(Records from a dataset)
====================
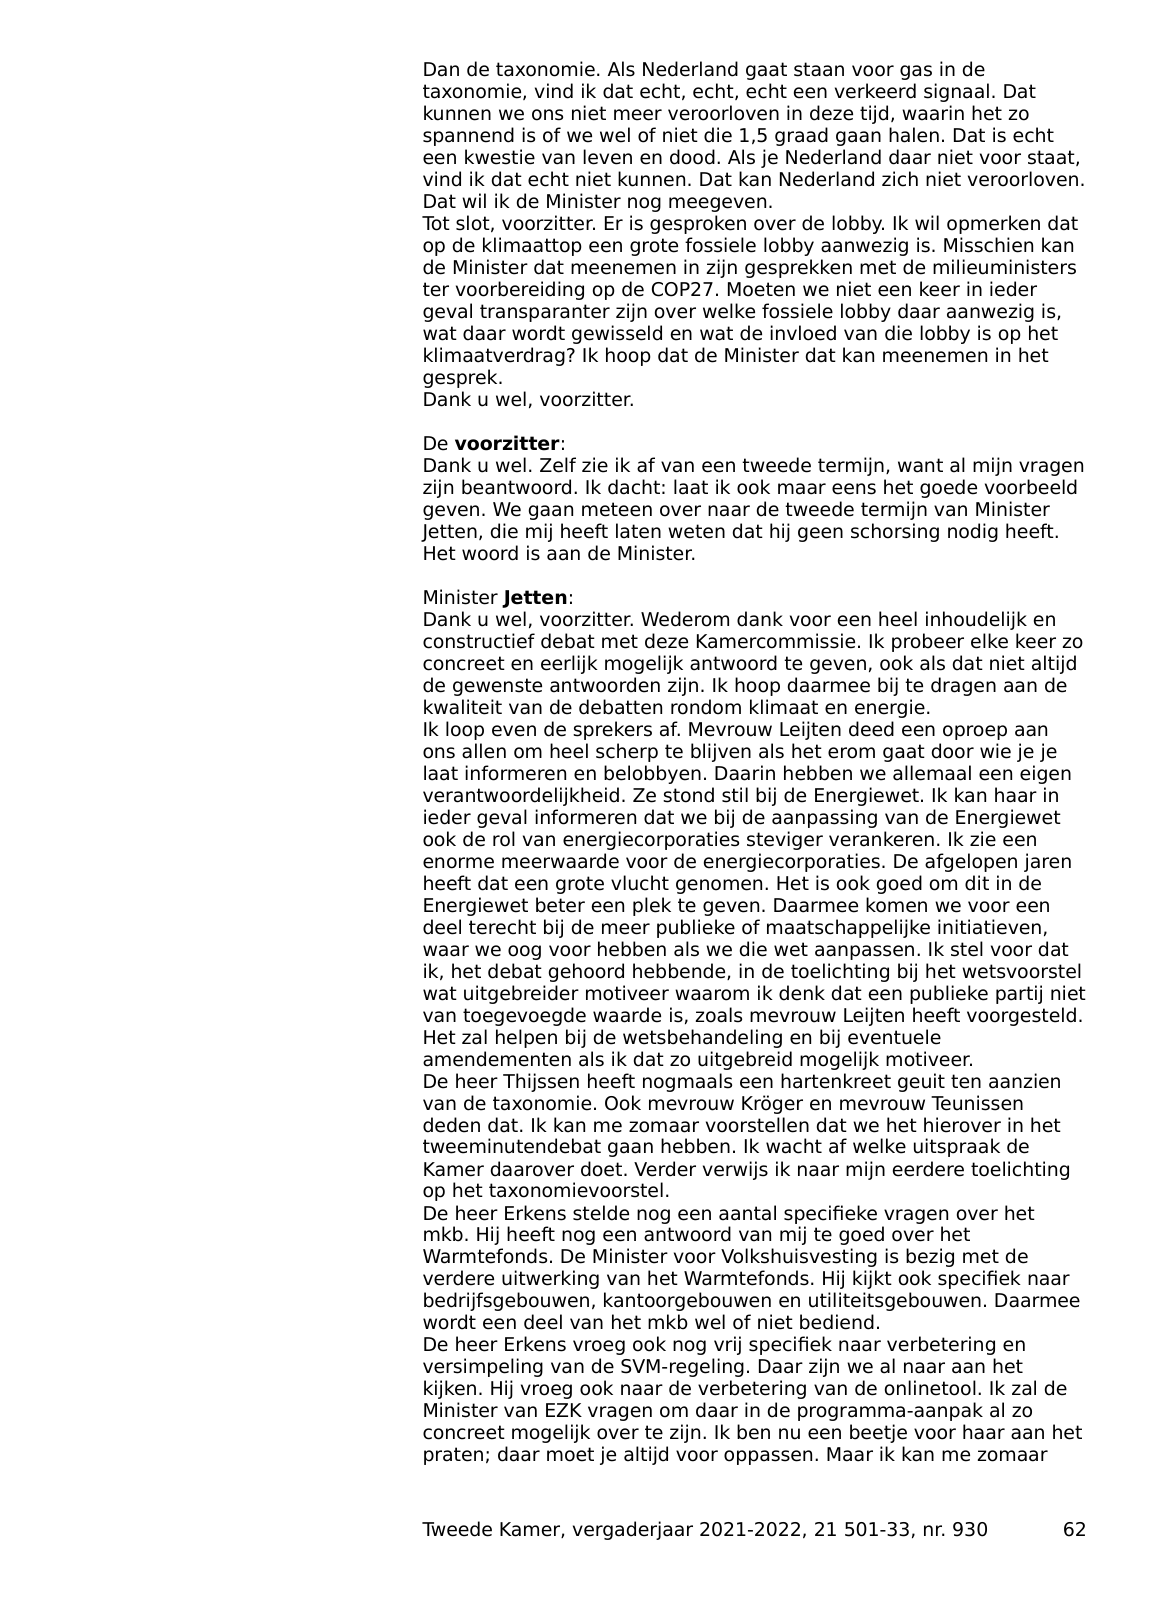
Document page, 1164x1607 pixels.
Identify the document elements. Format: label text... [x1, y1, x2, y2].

text Dank u wel. Zelf zie ik af van een tweede termijn, want al mijn vragen zijn beantwoord. Ik dacht: laat ik ook maar eens het goede voorbeeld geven. We gaan meteen over naar de tweede termijn van Minister Jetten, die mij heeft laten weten dat hij geen schorsing nodig heeft. Het woord is aan de Minister. [422, 455, 1087, 565]
text De heer Erkens vroeg ook nog vrij specifiek naar verbetering en versimpeling van de SVM-regeling. Daar zijn we al naar aan het kijken. Hij vroeg ook naar de verbetering van de onlinetool. Ik zal de Minister van EZK vragen om daar in de programma-aanpak al zo concreet mogelijk over te zijn. Ik ben nu een beetje voor haar aan het praten; daar moet je altijd voor oppassen. Maar ik kan me zomaar [422, 1334, 1087, 1466]
text Minister Jetten: [422, 587, 1087, 609]
text De voorzitter: [422, 433, 1087, 455]
text Ik loop even de sprekers af. Mevrouw Leijten deed een oproep aan ons allen om heel scherp te blijven als het erom gaat door wie je je laat informeren en belobbyen. Daarin hebben we allemaal een eigen verantwoordelijkheid. Ze stond stil bij de Energiewet. Ik kan haar in ieder geval informeren dat we bij de aanpassing van de Energiewet ook de rol van energiecorporaties steviger verankeren. Ik zie een enorme meerwaarde voor de energiecorporaties. De afgelopen jaren heeft dat een grote vlucht genomen. Het is ook goed om dit in de Energiewet beter een plek te geven. Daarmee komen we voor een deel terecht bij de meer publieke of maatschappelijke initiatieven, waar we oog voor hebben als we die wet aanpassen. Ik stel voor dat ik, het debat gehoord hebbende, in de toelichting bij het wetsvoorstel wat uitgebreider motiveer waarom ik denk dat een publieke partij niet van toegevoegde waarde is, zoals mevrouw Leijten heeft voorgesteld. Het zal helpen bij de wetsbehandeling en bij eventuele amendementen als ik dat zo uitgebreid mogelijk motiveer. [422, 719, 1087, 1071]
text Dank u wel, voorzitter. [422, 389, 1087, 411]
text Dank u wel, voorzitter. Wederom dank voor een heel inhoudelijk en constructief debat met deze Kamercommissie. Ik probeer elke keer zo concreet en eerlijk mogelijk antwoord te geven, ook als dat niet altijd de gewenste antwoorden zijn. Ik hoop daarmee bij te dragen aan de kwaliteit van de debatten rondom klimaat en energie. [422, 609, 1087, 719]
text De heer Thijssen heeft nogmaals een hartenkreet geuit ten aanzien van de taxonomie. Ook mevrouw Kröger en mevrouw Teunissen deden dat. Ik kan me zomaar voorstellen dat we het hierover in het tweeminutendebat gaan hebben. Ik wacht af welke uitspraak de Kamer daarover doet. Verder verwijs ik naar mijn eerdere toelichting op het taxonomievoorstel. [422, 1071, 1087, 1202]
text Tot slot, voorzitter. Er is gesproken over de lobby. Ik wil opmerken dat op de klimaattop een grote fossiele lobby aanwezig is. Misschien kan de Minister dat meenemen in zijn gesprekken met de milieuministers ter voorbereiding op de COP27. Moeten we niet een keer in ieder geval transparanter zijn over welke fossiele lobby daar aanwezig is, wat daar wordt gewisseld en wat de invloed van die lobby is op het klimaatverdrag? Ik hoop dat de Minister dat kan meenemen in het gesprek. [422, 213, 1087, 389]
text Dan de taxonomie. Als Nederland gaat staan voor gas in de taxonomie, vind ik dat echt, echt, echt een verkeerd signaal. Dat kunnen we ons niet meer veroorloven in deze tijd, waarin het zo spannend is of we wel of niet die 1,5 graad gaan halen. Dat is echt een kwestie van leven en dood. Als je Nederland daar niet voor staat, vind ik dat echt niet kunnen. Dat kan Nederland zich niet veroorloven. Dat wil ik de Minister nog meegeven. [422, 59, 1087, 213]
text De heer Erkens stelde nog een aantal specifieke vragen over het mkb. Hij heeft nog een antwoord van mij te goed over het Warmtefonds. De Minister voor Volkshuisvesting is bezig met de verdere uitwerking van het Warmtefonds. Hij kijkt ook specifiek naar bedrijfsgebouwen, kantoorgebouwen en utiliteitsgebouwen. Daarmee wordt een deel van het mkb wel of niet bediend. [422, 1202, 1087, 1334]
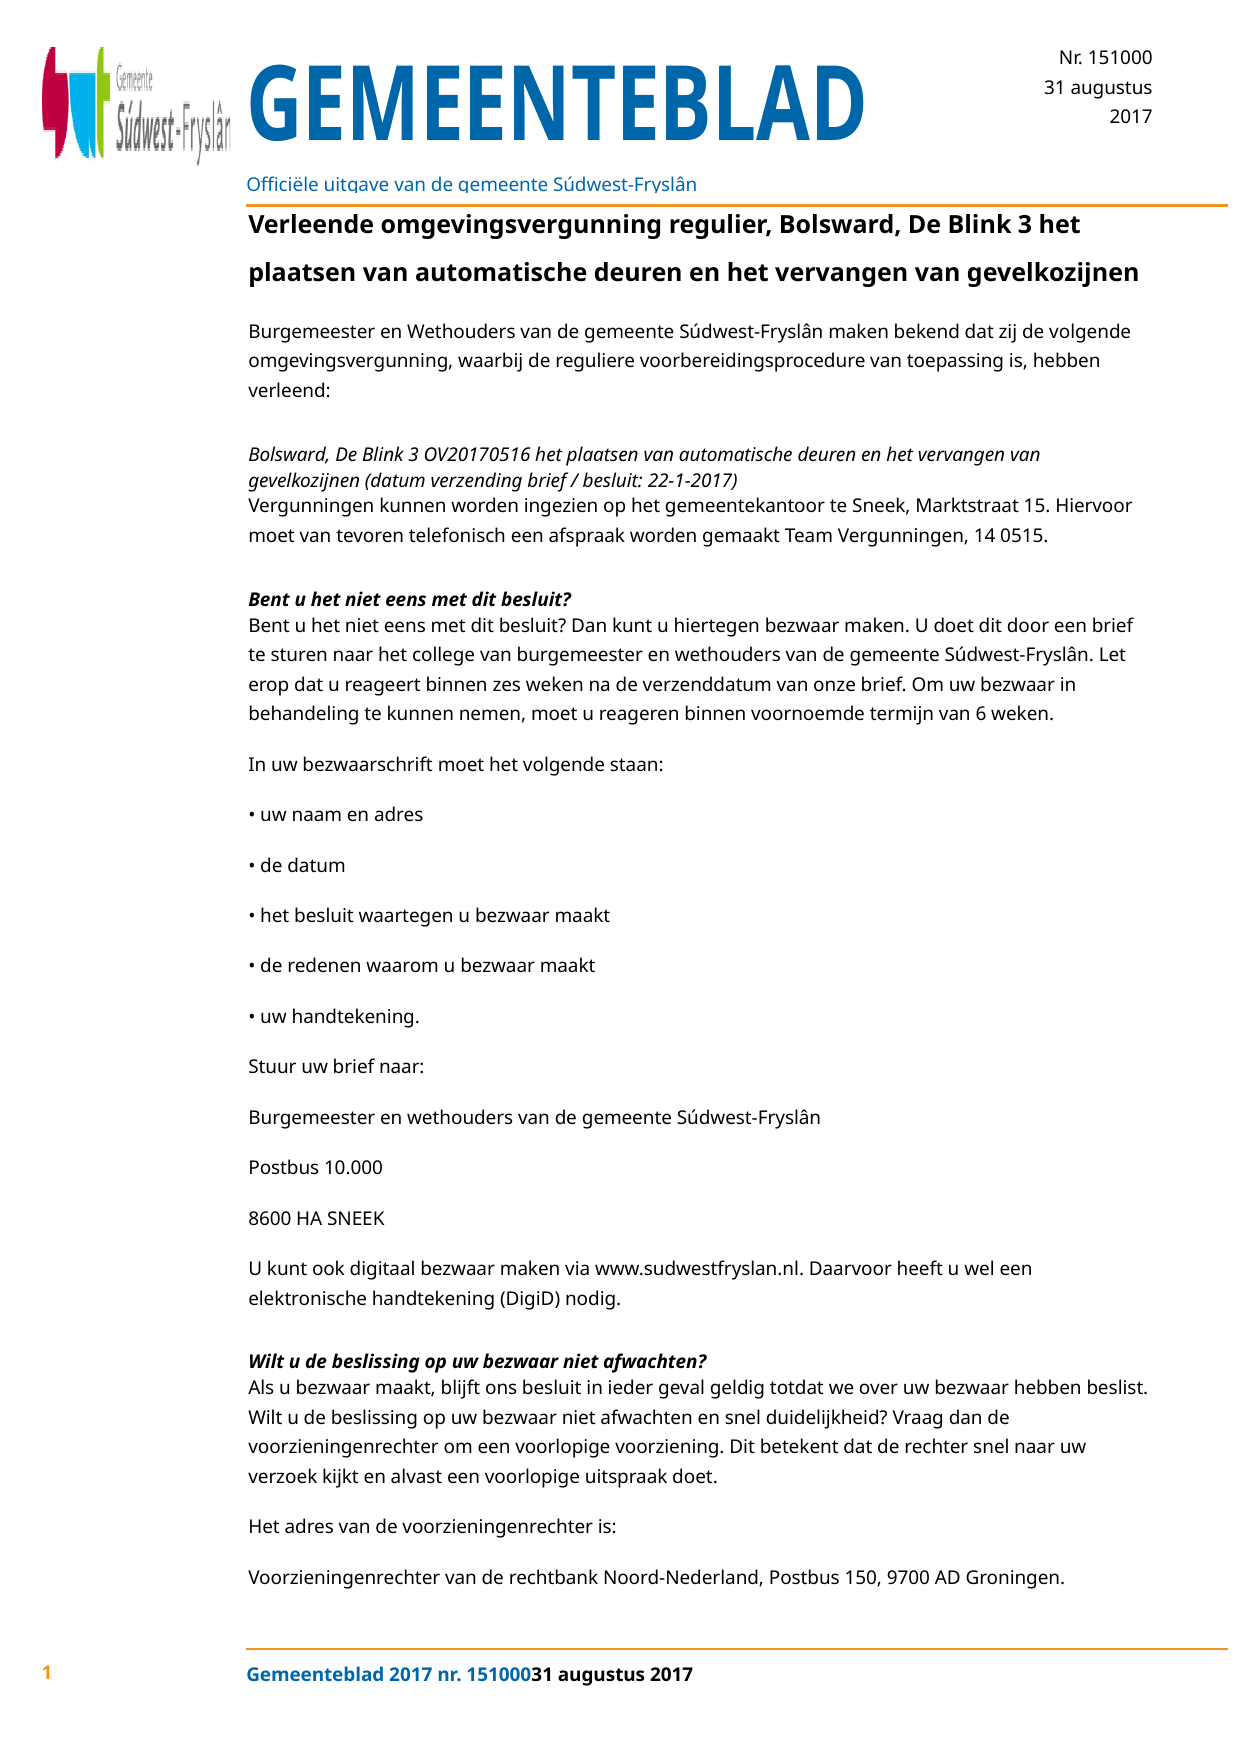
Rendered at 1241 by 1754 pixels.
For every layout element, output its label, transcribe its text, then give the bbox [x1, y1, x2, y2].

text Vergunningen kunnen worden ingezien op het gemeentekantoor te Sneek, Marktstraat 15. Hiervoor moet van tevoren telefonisch een afspraak worden gemaakt Team Vergunningen, 14 0515. [248, 492, 1152, 548]
picture [41, 47, 231, 172]
text • de datum [248, 852, 1152, 877]
text • het besluit waartegen u bezwaar maakt [248, 902, 1152, 928]
text 8600 HA SNEEK [248, 1205, 1152, 1230]
text Wilt u de beslissing op uw bezwaar niet afwachten? [248, 1349, 1152, 1374]
text Burgemeester en Wethouders van de gemeente Súdwest-Fryslân maken bekend dat zij de volgende omgevingsvergunning, waarbij de reguliere voorbereidingsprocedure van toepassing is, hebben verleend: [248, 318, 1152, 403]
text Stuur uw brief naar: [248, 1053, 1152, 1079]
text • de redenen waarom u bezwaar maakt [248, 953, 1152, 978]
text Bolsward, De Blink 3 OV20170516 het plaatsen van automatische deuren en het vervangen van gevelkozijnen (datum verzending brief / besluit: 22-1-2017) [248, 441, 1152, 492]
text Postbus 10.000 [248, 1154, 1152, 1180]
text • uw naam en adres [248, 801, 1152, 827]
text Bent u het niet eens met dit besluit? [248, 586, 1152, 612]
text • uw handtekening. [248, 1003, 1152, 1029]
text U kunt ook digitaal bezwaar maken via www.sudwestfryslan.nl. Daarvoor heeft u wel een elektronische handtekening (DigiD) nodig. [248, 1255, 1152, 1310]
text In uw bezwaarschrift moet het volgende staan: [248, 751, 1152, 777]
text Burgemeester en wethouders van de gemeente Súdwest-Fryslân [248, 1104, 1152, 1129]
text Verleende omgevingsvergunning regulier, Bolsward, De Blink 3 het plaatsen van automatische deuren en het vervangen van gevelkozijnen [248, 207, 1152, 288]
text Voorzieningenrechter van de rechtbank Noord-Nederland, Postbus 150, 9700 AD Groningen. [248, 1564, 1152, 1590]
text Als u bezwaar maakt, blijft ons besluit in ieder geval geldig totdat we over uw bezwaar hebben beslist. Wilt u de beslissing op uw bezwaar niet afwachten en snel duidelijkheid? Vraag dan de voorzieningenrechter om een voorlopige voorziening. Dit betekent dat de rechter snel naar uw verzoek kijkt en alvast een voorlopige uitspraak doet. [248, 1374, 1152, 1489]
text Het adres van de voorzieningenrechter is: [248, 1513, 1152, 1539]
text Bent u het niet eens met dit besluit? Dan kunt u hiertegen bezwaar maken. U doet dit door een brief te sturen naar het college van burgemeester en wethouders van de gemeente Súdwest-Fryslân. Let erop dat u reageert binnen zes weken na de verzenddatum van onze brief. Om uw bezwaar in behandeling te kunnen nemen, moet u reageren binnen voornoemde termijn van 6 weken. [248, 612, 1152, 726]
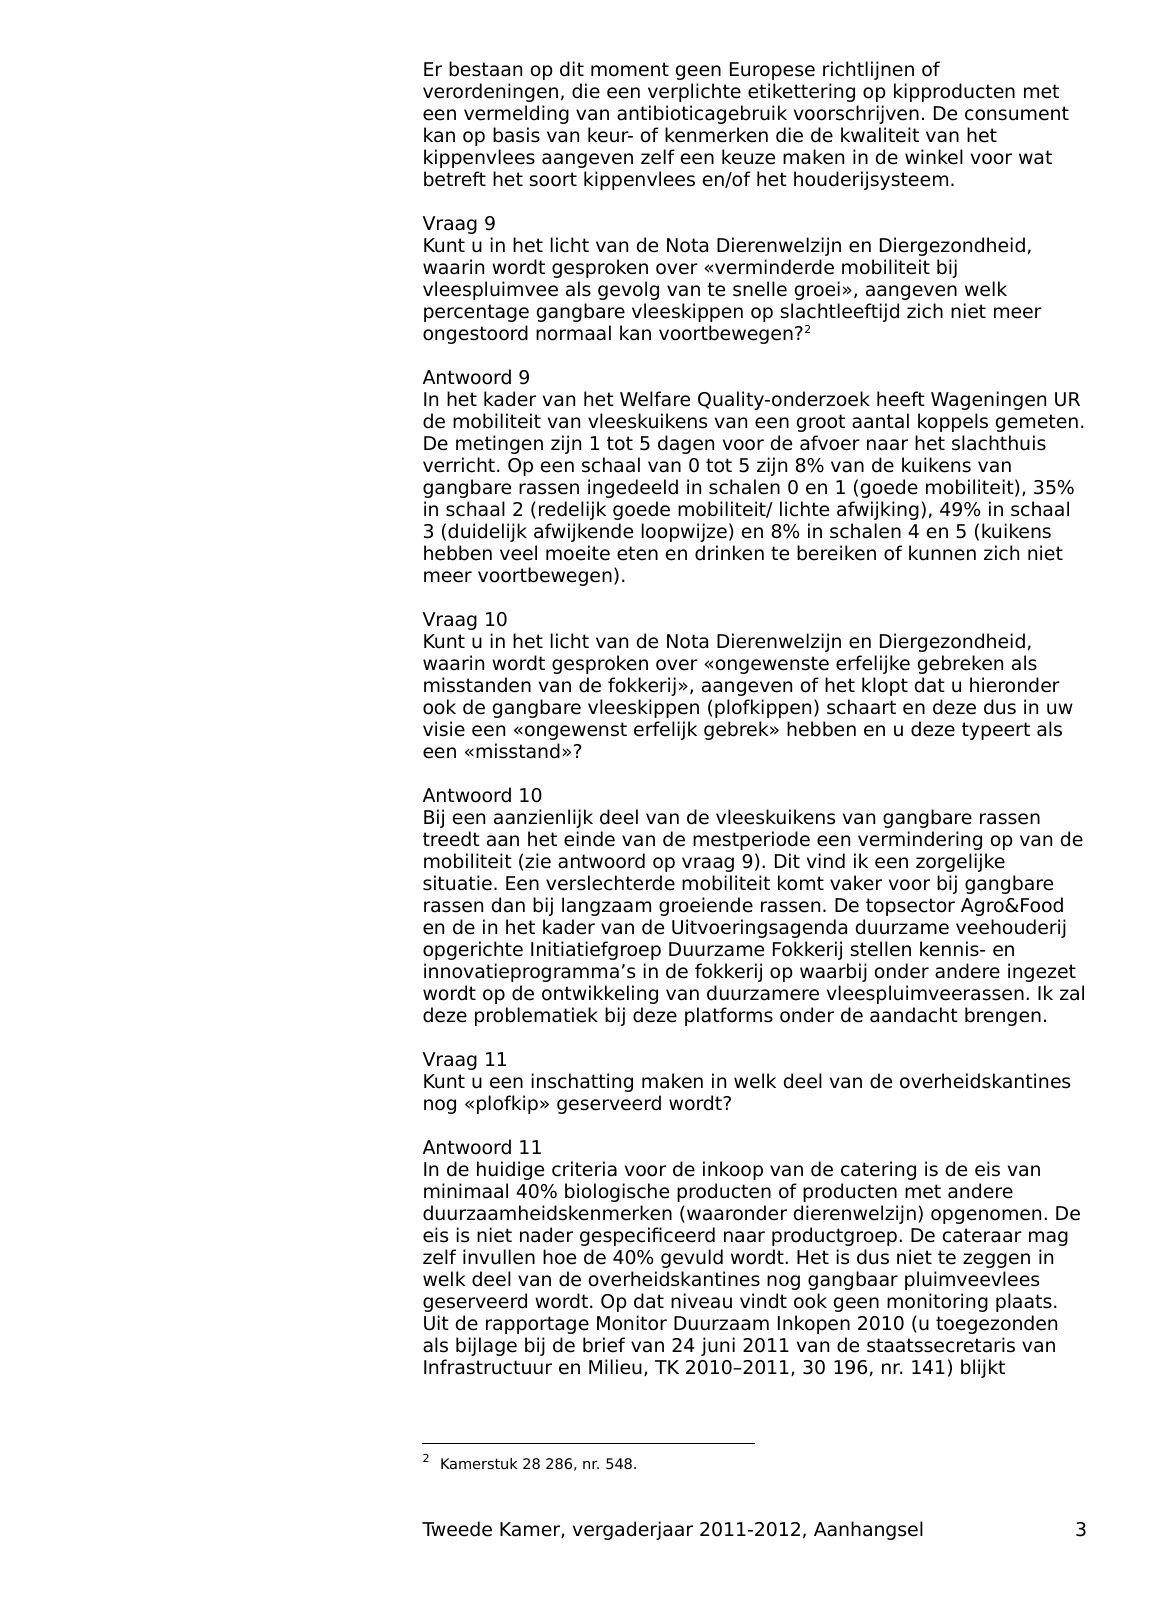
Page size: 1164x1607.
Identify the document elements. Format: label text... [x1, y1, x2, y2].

text Kunt u in het licht van de Nota Dierenwelzijn en Diergezondheid, waarin wordt gesproken over «verminderde mobiliteit bij vleespluimvee als gevolg van te snelle groei», aangeven welk percentage gangbare vleeskippen op slachtleeftijd zich niet meer ongestoord normaal kan voortbewegen? [422, 235, 1087, 345]
text Kunt u in het licht van de Nota Dierenwelzijn en Diergezondheid, waarin wordt gesproken over «ongewenste erfelijke gebreken als misstanden van de fokkerij», aangeven of het klopt dat u hieronder ook de gangbare vleeskippen (plofkippen) schaart en deze dus in uw visie een «ongewenst erfelijk gebrek» hebben en u deze typeert als een «misstand»? [422, 631, 1087, 763]
text Er bestaan op dit moment geen Europese richtlijnen of verordeningen, die een verplichte etikettering op kipproducten met een vermelding van antibioticagebruik voorschrijven. De consument kan op basis van keur- of kenmerken die de kwaliteit van het kippenvlees aangeven zelf een keuze maken in de winkel voor wat betreft het soort kippenvlees en/of het houderijsysteem. [422, 59, 1087, 191]
text In de huidige criteria voor de inkoop van de catering is de eis van minimaal 40% biologische producten of producten met andere duurzaamheidskenmerken (waaronder dierenwelzijn) opgenomen. De eis is niet nader gespecificeerd naar productgroep. De cateraar mag zelf invullen hoe de 40% gevuld wordt. Het is dus niet te zeggen in welk deel van de overheidskantines nog gangbaar pluimveevlees geserveerd wordt. Op dat niveau vindt ook geen monitoring plaats. Uit de rapportage Monitor Duurzaam Inkopen 2010 (u toegezonden als bijlage bij de brief van 24 juni 2011 van de staatssecretaris van Infrastructuur en Milieu, TK 2010–2011, 30 196, nr. 141) blijkt [422, 1159, 1087, 1379]
text Kamerstuk 28 286, nr. 548. [422, 1452, 1087, 1474]
text Bij een aanzienlijk deel van de vleeskuikens van gangbare rassen treedt aan het einde van de mestperiode een vermindering op van de mobiliteit (zie antwoord op vraag 9). Dit vind ik een zorgelijke situatie. Een verslechterde mobiliteit komt vaker voor bij gangbare rassen dan bij langzaam groeiende rassen. De topsector Agro&Food en de in het kader van de Uitvoeringsagenda duurzame veehouderij opgerichte Initiatiefgroep Duurzame Fokkerij stellen kennis- en innovatieprogramma’s in de fokkerij op waarbij onder andere ingezet wordt op de ontwikkeling van duurzamere vleespluimveerassen. Ik zal deze problematiek bij deze platforms onder de aandacht brengen. [422, 807, 1087, 1027]
text In het kader van het Welfare Quality-onderzoek heeft Wageningen UR de mobiliteit van vleeskuikens van een groot aantal koppels gemeten. De metingen zijn 1 tot 5 dagen voor de afvoer naar het slachthuis verricht. Op een schaal van 0 tot 5 zijn 8% van de kuikens van gangbare rassen ingedeeld in schalen 0 en 1 (goede mobiliteit), 35% in schaal 2 (redelijk goede mobiliteit/ lichte afwijking), 49% in schaal 3 (duidelijk afwijkende loopwijze) en 8% in schalen 4 en 5 (kuikens hebben veel moeite eten en drinken te bereiken of kunnen zich niet meer voortbewegen). [422, 389, 1087, 587]
text Kunt u een inschatting maken in welk deel van de overheidskantines nog «plofkip» geserveerd wordt? [422, 1071, 1087, 1115]
text Vraag 11 [422, 1049, 1087, 1071]
text Antwoord 11 [422, 1137, 1087, 1159]
text Vraag 10 [422, 609, 1087, 631]
text Antwoord 10 [422, 785, 1087, 807]
text Vraag 9 [422, 213, 1087, 235]
text Antwoord 9 [422, 367, 1087, 389]
====================
Try it: Transcribe exactly the lines that run from the first line of the records above through the line with "text Dank u wel.", and include both of those lines; pictures stay out.

Answer area:
Document page, 1164x1607 pixels.
Identify the document elements. Format: label text... [x1, y1, x2, y2].

text Dank u wel. Zelf zie ik af van een tweede termijn, want al mijn vragen zijn beantwoord. Ik dacht: laat ik ook maar eens het goede voorbeeld geven. We gaan meteen over naar de tweede termijn van Minister Jetten, die mij heeft laten weten dat hij geen schorsing nodig heeft. Het woord is aan de Minister. [422, 455, 1087, 565]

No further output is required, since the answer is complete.